**Stored data**
________________________
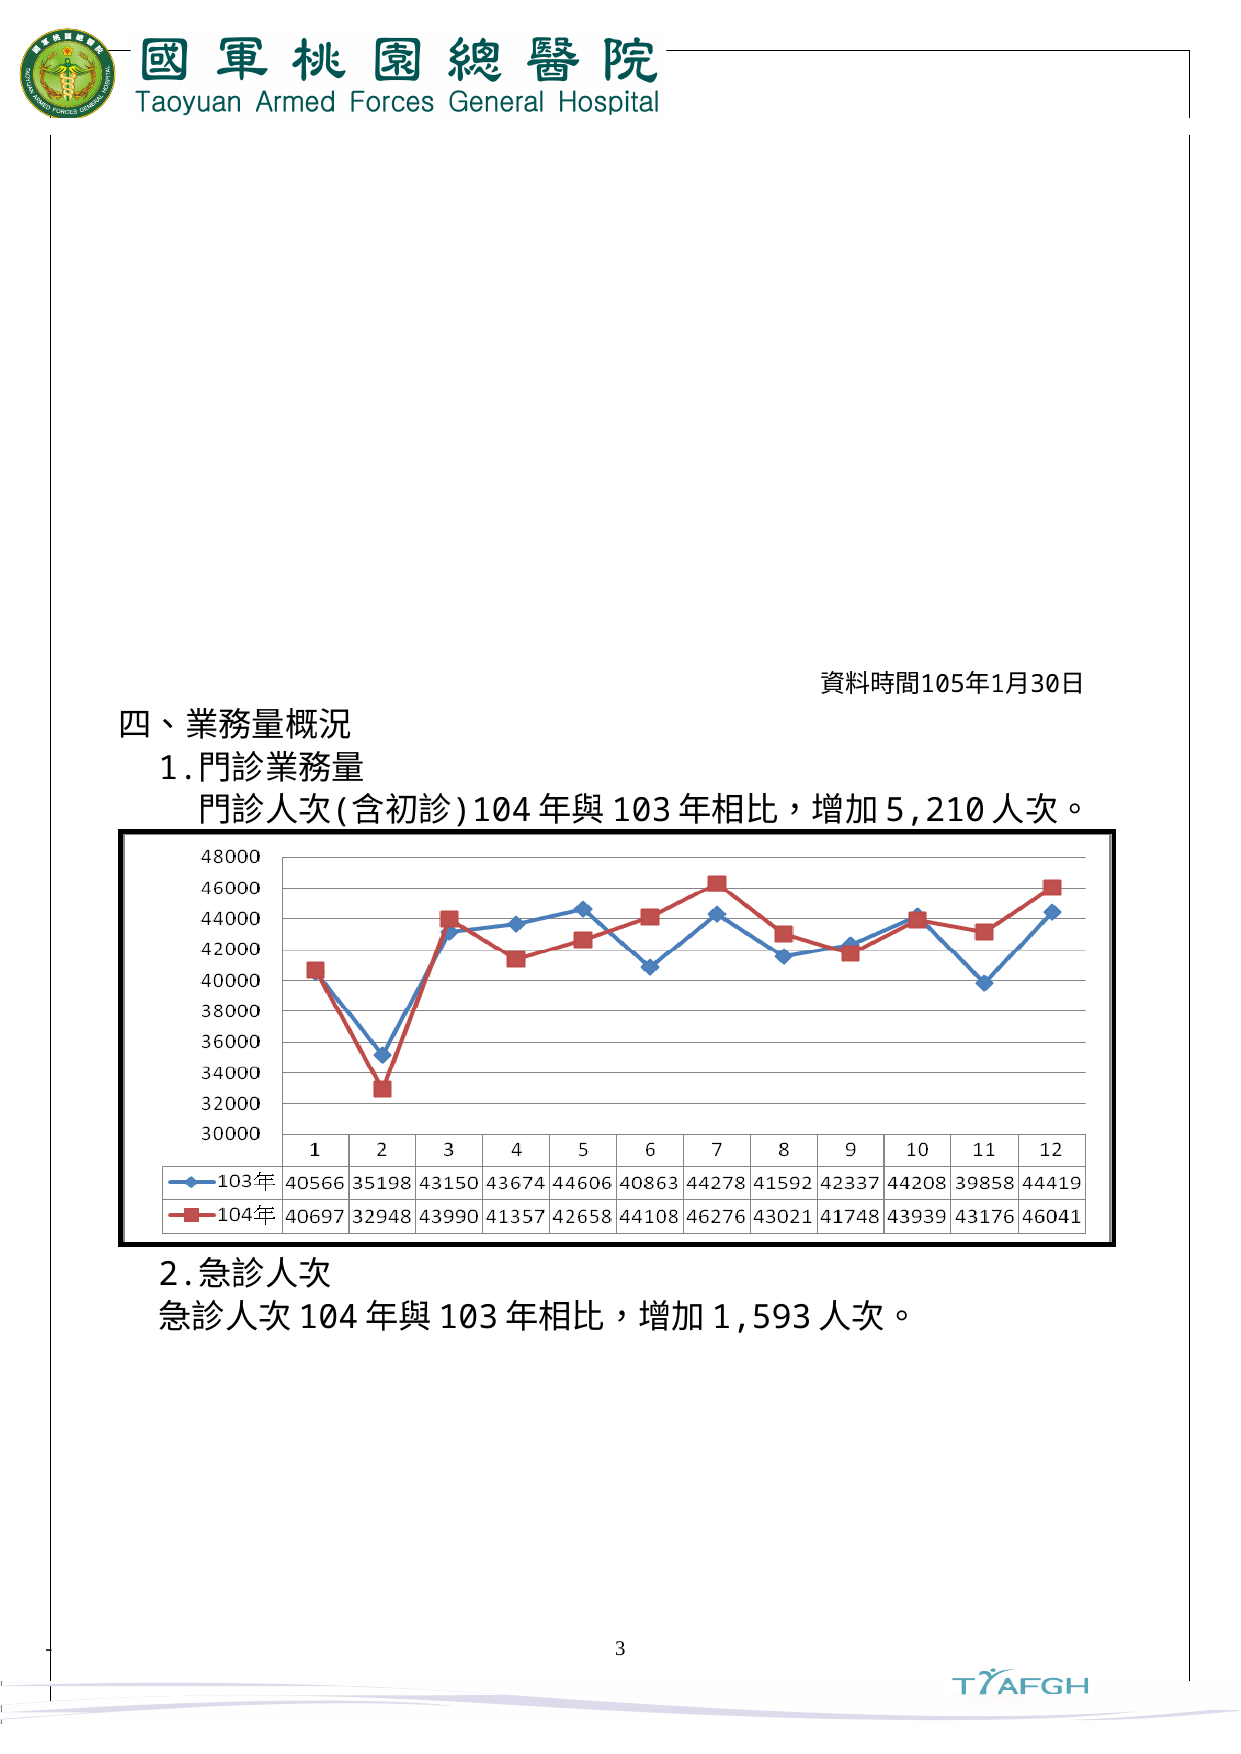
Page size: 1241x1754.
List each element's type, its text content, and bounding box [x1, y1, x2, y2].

text 資料時間105年1月30日 [145, 664, 1084, 700]
text 2.急診人次 [118, 1247, 1122, 1296]
text 1.門診業務量 [118, 746, 1122, 788]
text [62, 72, 76, 98]
text 四、業務量概況 [118, 700, 1122, 746]
text 門診人次(含初診)104年與103年相比，增加5,210人次。 [118, 788, 1122, 829]
text 急診人次104年與103年相比，增加1,593人次。 [118, 1296, 1122, 1337]
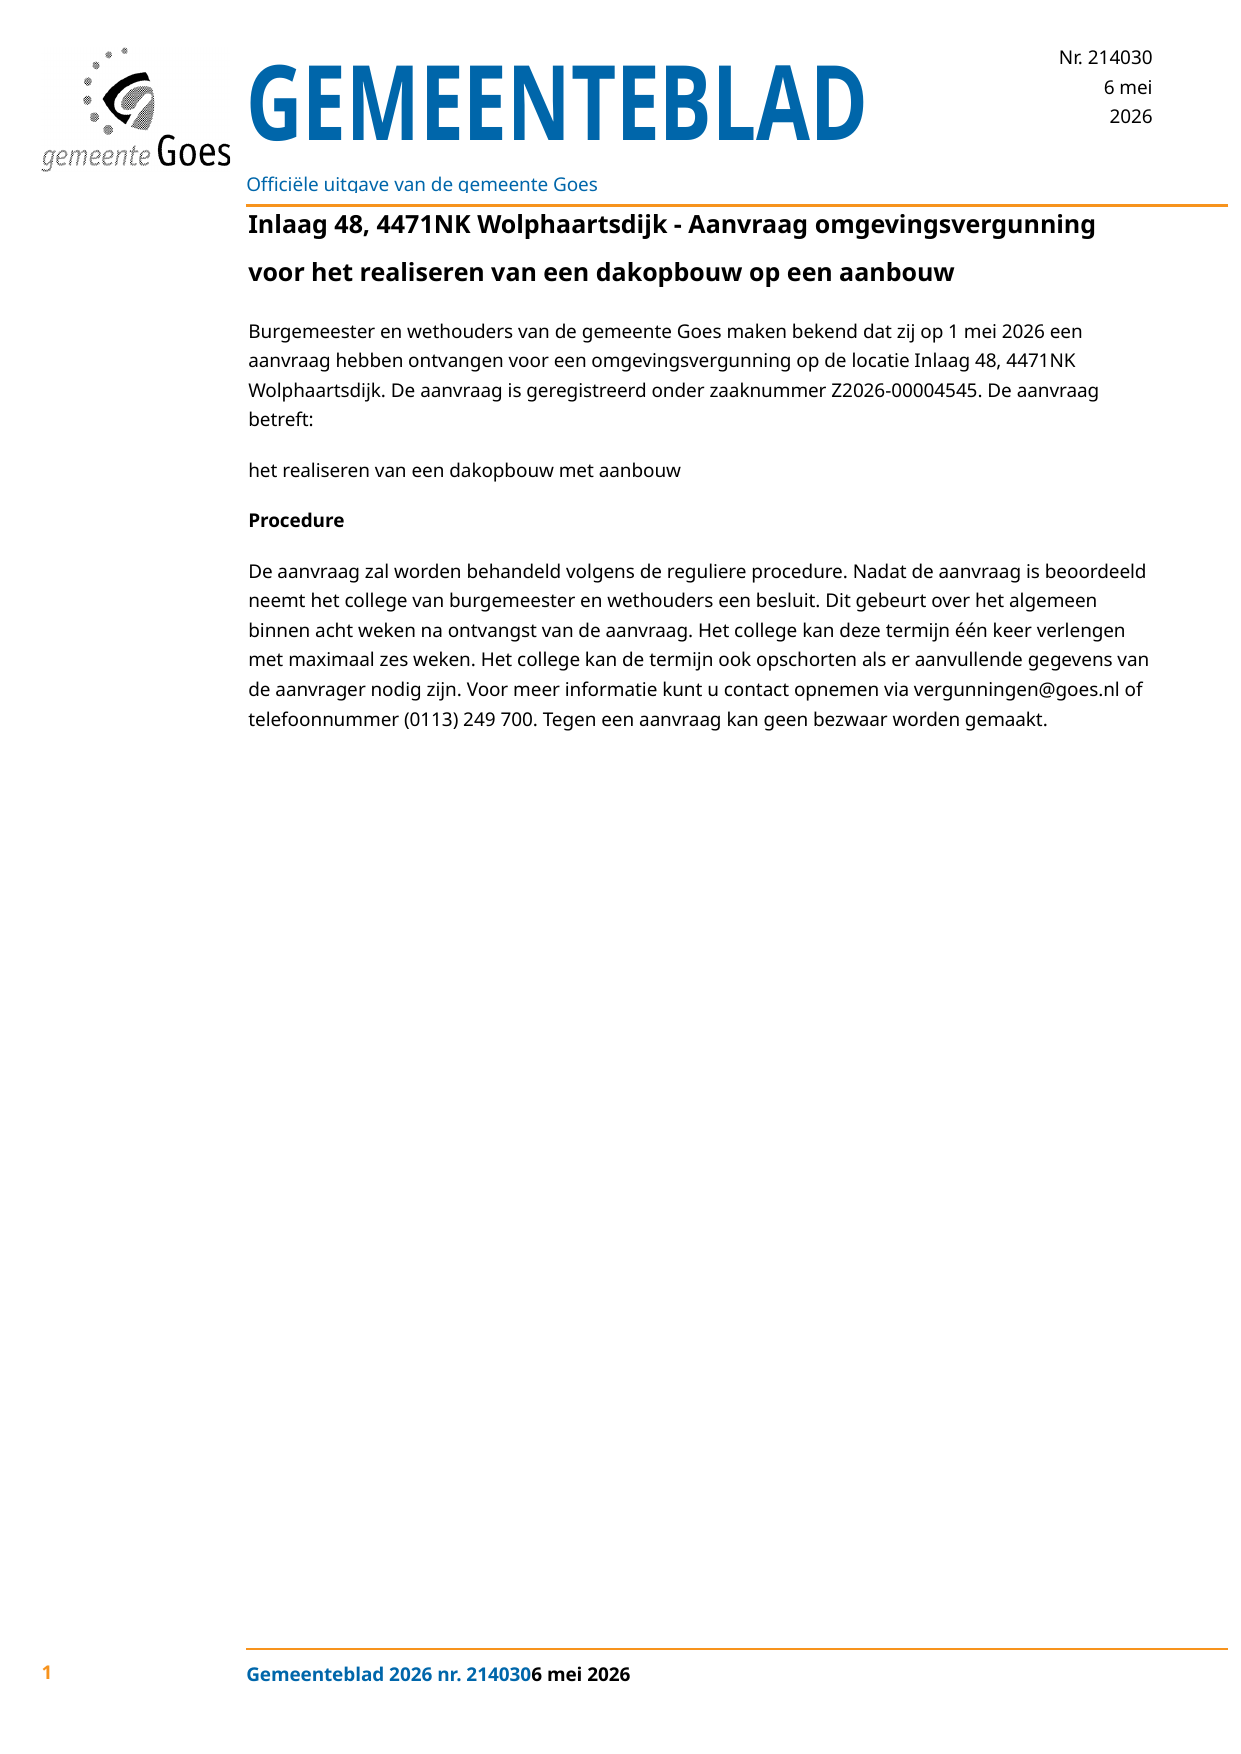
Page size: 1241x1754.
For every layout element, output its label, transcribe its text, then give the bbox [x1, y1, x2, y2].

text Inlaag 48, 4471NK Wolphaartsdijk - Aanvraag omgevingsvergunning voor het realiseren van een dakopbouw op een aanbouw [248, 207, 1152, 288]
text Burgemeester en wethouders van de gemeente Goes maken bekend dat zij op 1 mei 2026 een aanvraag hebben ontvangen voor een omgevingsvergunning op de locatie Inlaag 48, 4471NK Wolphaartsdijk. De aanvraag is geregistreerd onder zaaknummer Z2026-00004545. De aanvraag betreft: [248, 318, 1152, 432]
text De aanvraag zal worden behandeld volgens de reguliere procedure. Nadat de aanvraag is beoordeeld neemt het college van burgemeester en wethouders een besluit. Dit gebeurt over het algemeen binnen acht weken na ontvangst van de aanvraag. Het college kan deze termijn één keer verlengen met maximaal zes weken. Het college kan de termijn ook opschorten als er aanvullende gegevens van de aanvrager nodig zijn. Voor meer informatie kunt u contact opnemen via vergunningen@goes.nl of telefoonnummer (0113) 249 700. Tegen een aanvraag kan geen bezwaar worden gemaakt. [248, 558, 1152, 732]
text Procedure [248, 507, 1152, 533]
text het realiseren van een dakopbouw met aanbouw [248, 457, 1152, 483]
picture [41, 47, 231, 172]
________________________
**About this task**
Please reproduce exactly, and nothing more, the lines from the one containing "List each element's" through the last line of the entries, both included; pictures stay out.

**Answer space**
List each element's type, its text content, and bounding box [x1, y1, x2, y2].

text 資料時間105年1月30日 [145, 664, 1084, 700]
text 2.急診人次 [118, 1247, 1122, 1296]
text 1.門診業務量 [118, 746, 1122, 788]
text [62, 72, 76, 98]
text 四、業務量概況 [118, 700, 1122, 746]
text 門診人次(含初診)104年與103年相比，增加5,210人次。 [118, 788, 1122, 829]
text 急診人次104年與103年相比，增加1,593人次。 [118, 1296, 1122, 1337]
Page size: 1241x1754.
For every layout element, output its label, transcribe its text, then give the bbox [x1, y1, x2, y2].

text Inlaag 48, 4471NK Wolphaartsdijk - Aanvraag omgevingsvergunning voor het realiseren van een dakopbouw op een aanbouw [248, 207, 1152, 288]
text Burgemeester en wethouders van de gemeente Goes maken bekend dat zij op 1 mei 2026 een aanvraag hebben ontvangen voor een omgevingsvergunning op de locatie Inlaag 48, 4471NK Wolphaartsdijk. De aanvraag is geregistreerd onder zaaknummer Z2026-00004545. De aanvraag betreft: [248, 318, 1152, 432]
text De aanvraag zal worden behandeld volgens de reguliere procedure. Nadat de aanvraag is beoordeeld neemt het college van burgemeester en wethouders een besluit. Dit gebeurt over het algemeen binnen acht weken na ontvangst van de aanvraag. Het college kan deze termijn één keer verlengen met maximaal zes weken. Het college kan de termijn ook opschorten als er aanvullende gegevens van de aanvrager nodig zijn. Voor meer informatie kunt u contact opnemen via vergunningen@goes.nl of telefoonnummer (0113) 249 700. Tegen een aanvraag kan geen bezwaar worden gemaakt. [248, 558, 1152, 732]
text Procedure [248, 507, 1152, 533]
text het realiseren van een dakopbouw met aanbouw [248, 457, 1152, 483]
picture [41, 47, 231, 172]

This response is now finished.